Sound artist: Renée Copeland

Video editor: Søren Olsen

Witnessed by: Anita Chikkatur and Crixell Shell

Sites: Brooklyn Park and Mississippi River

All the thank yous are a part of the work.


Eric Larson/Toot

The Premise of Gripping the Wall When You’re Upset

Wednesday, June 16, 7 pm and Thursday, June 17, 7 pm

Film broadcast, only available at listed showtimes. Link arrives via email to festival passholders.

The Premise builds character, but mostly for scrapbooking.
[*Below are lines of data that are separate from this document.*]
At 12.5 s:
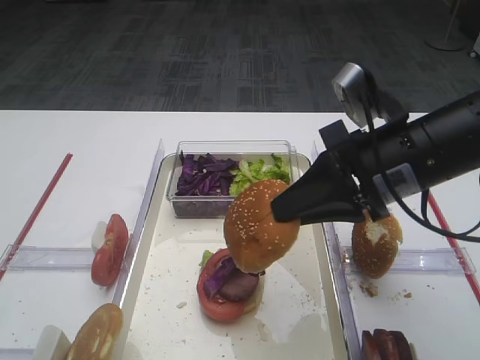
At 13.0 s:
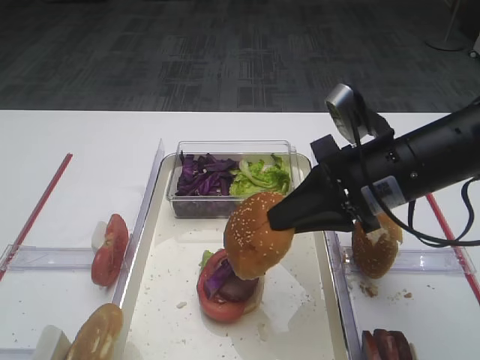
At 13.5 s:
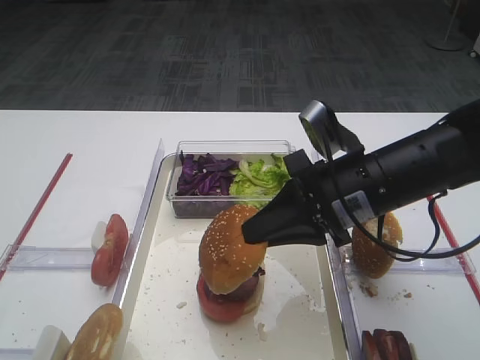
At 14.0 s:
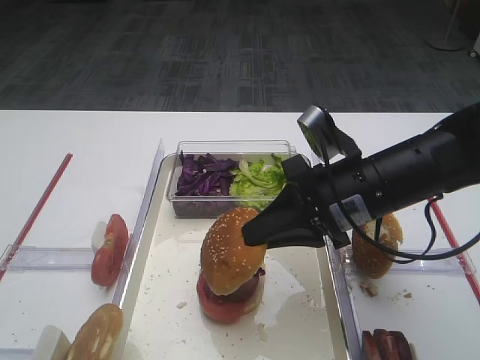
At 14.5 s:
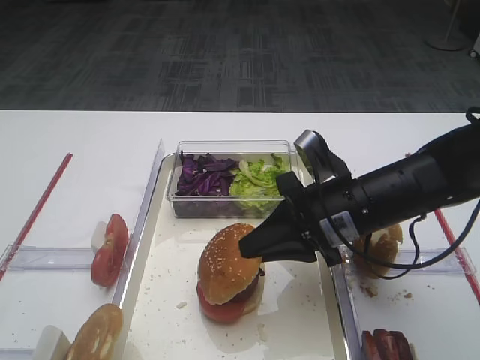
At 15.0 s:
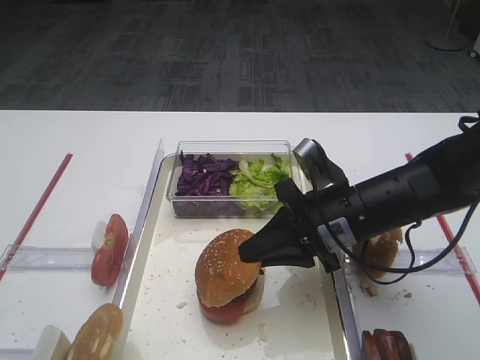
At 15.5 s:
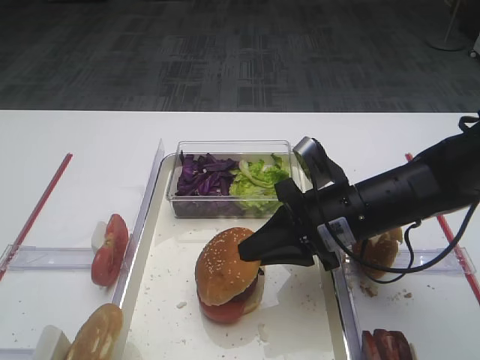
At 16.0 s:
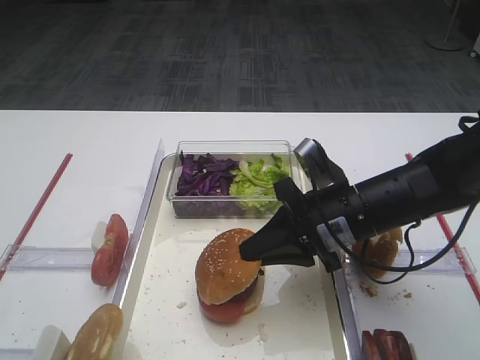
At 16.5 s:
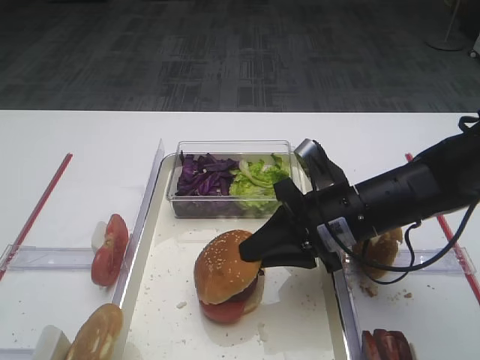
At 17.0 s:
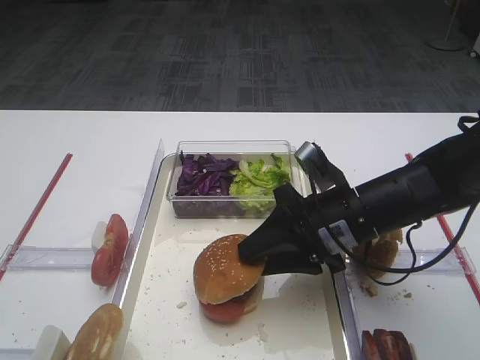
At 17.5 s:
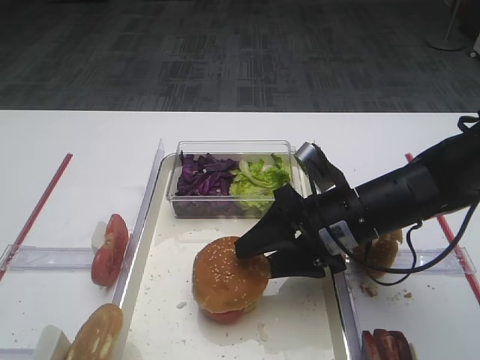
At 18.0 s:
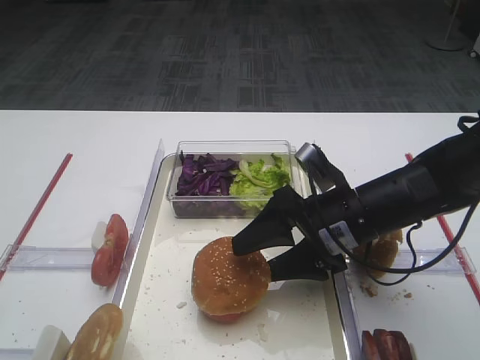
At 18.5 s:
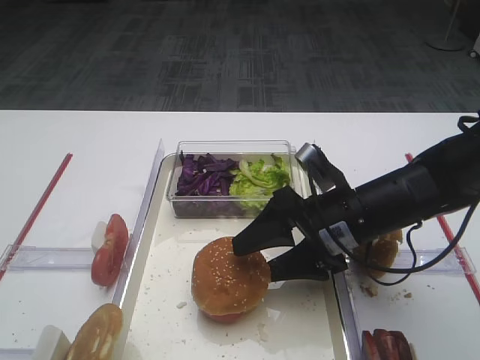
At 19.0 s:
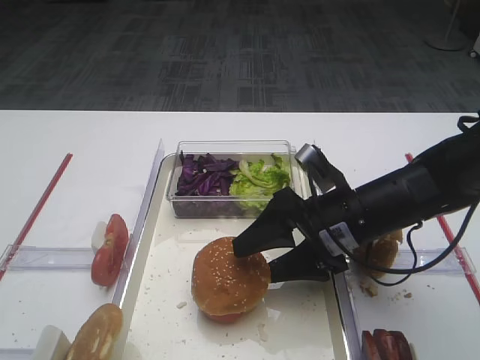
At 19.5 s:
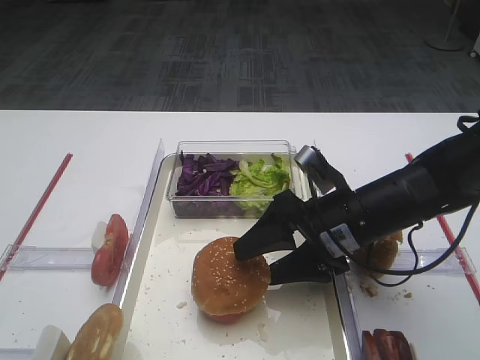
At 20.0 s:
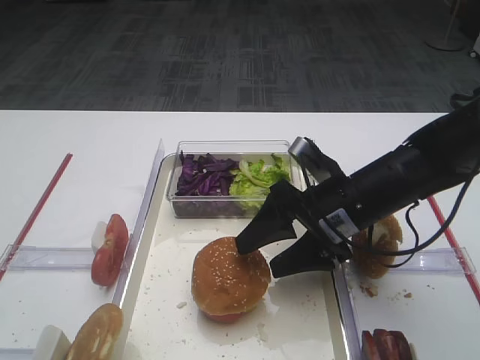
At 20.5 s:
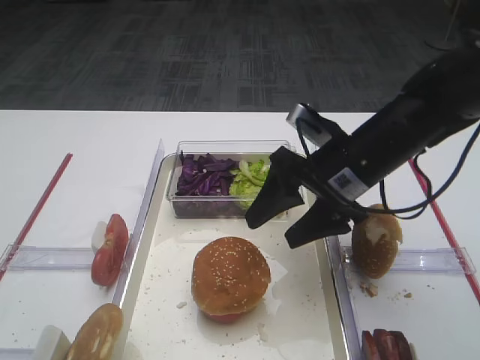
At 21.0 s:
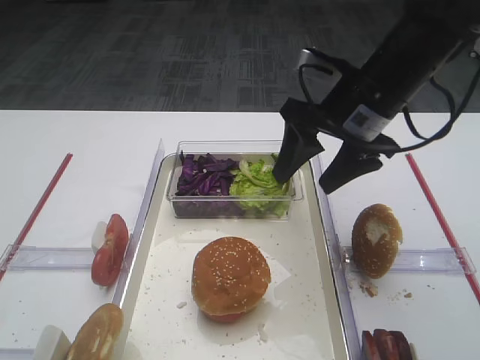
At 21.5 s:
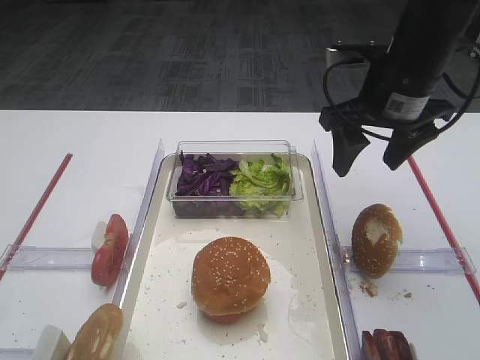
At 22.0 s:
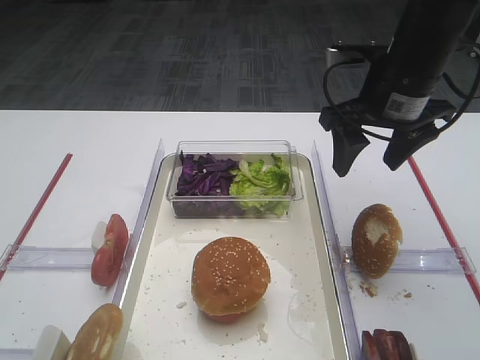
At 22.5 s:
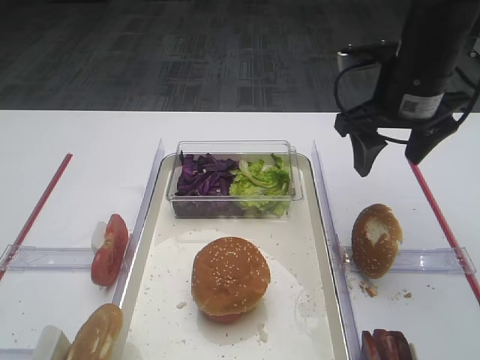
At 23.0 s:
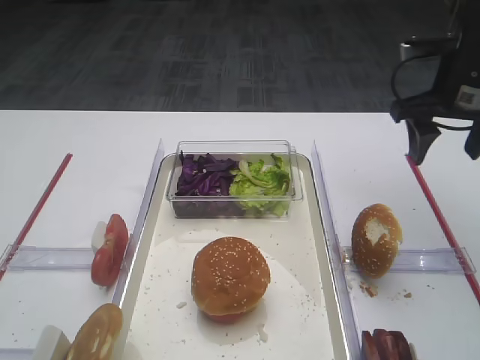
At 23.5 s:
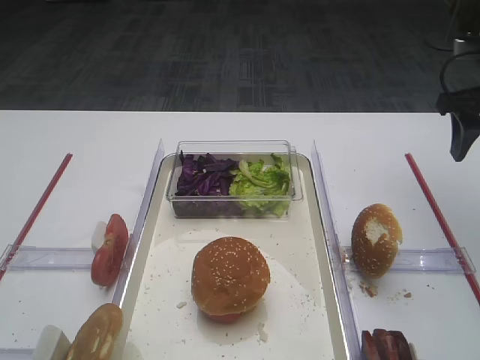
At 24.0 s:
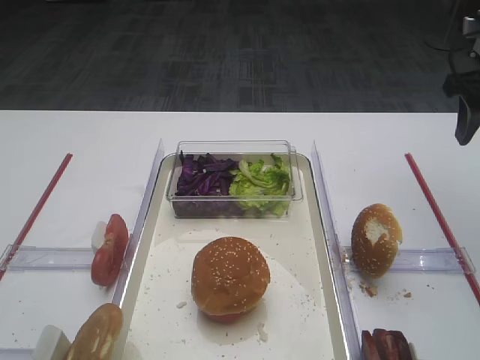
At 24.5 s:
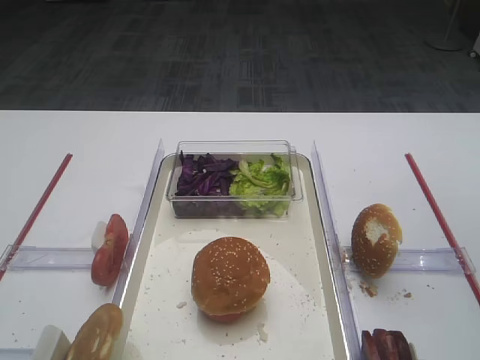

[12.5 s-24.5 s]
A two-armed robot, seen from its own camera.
Step, 12.5 to 20.0 s: Place the hamburger lid on the purple cabbage with the right gripper.
12.5 to 14.5 s: The right gripper is displaced downward by about 10 cm.
14.5 to 16.5 s: There are only small adjustments of the grippers.
16.5 to 18.5 s: The right gripper opens.
18.5 to 20.5 s: The right gripper travels upward by roughly 5 cm.
20.5 to 22.5 s: The right gripper goes approximately 10 cm upward and to the right.
22.5 to 24.5 s: The right gripper is displaced to the right, upward and backward by roughly 15 cm.

A film in three parts, “The Premise” furiously considers the uncanniness, pragmatics, and tiny politics of the actor’s thoughts while acting. Whose impulses are in our bodies? The Premise unfurls a dramaturgy of the mind-in-performance, and wonders slyly about the effects of continuously coping with fictional circumstances.

Toot is a whirlwind of theatrical performances and collaborators led by director Eric Larson. Toot’s work considers overlooked energies of contemporary life and amplifies the poetic relationships between performance, perception, and artistic production. Since 2018, Toot has premiered work in numerous Twin Cities locations and toured and developed work in Nashville, Seattle, and Raleigh, NC. www.tootperformance.org  

Created and directed by Eric Larson

Created with and featuring Sabrina Diehl, Kelly McKay, Sam Aros Mitchell, Emily Rosenberg, Saulaman Schlegel, and Jeffrey Wells

Tickets

 

Festival pass includes works by all 10 artists. Whether you plan to see one performance or all of them, the festival pass is your ticket! If you plan for multiple viewers to watch from a single device, you may choose to increase your donation accordingly. There are no tickets to individual performances.

Pay What You Wish ($50-$150 suggested per viewer)

Accessibility

 

Captioning will be provided for all live and prerecorded performances in the festival. Transcripts and descriptive audio will be provided for all prerecorded video works.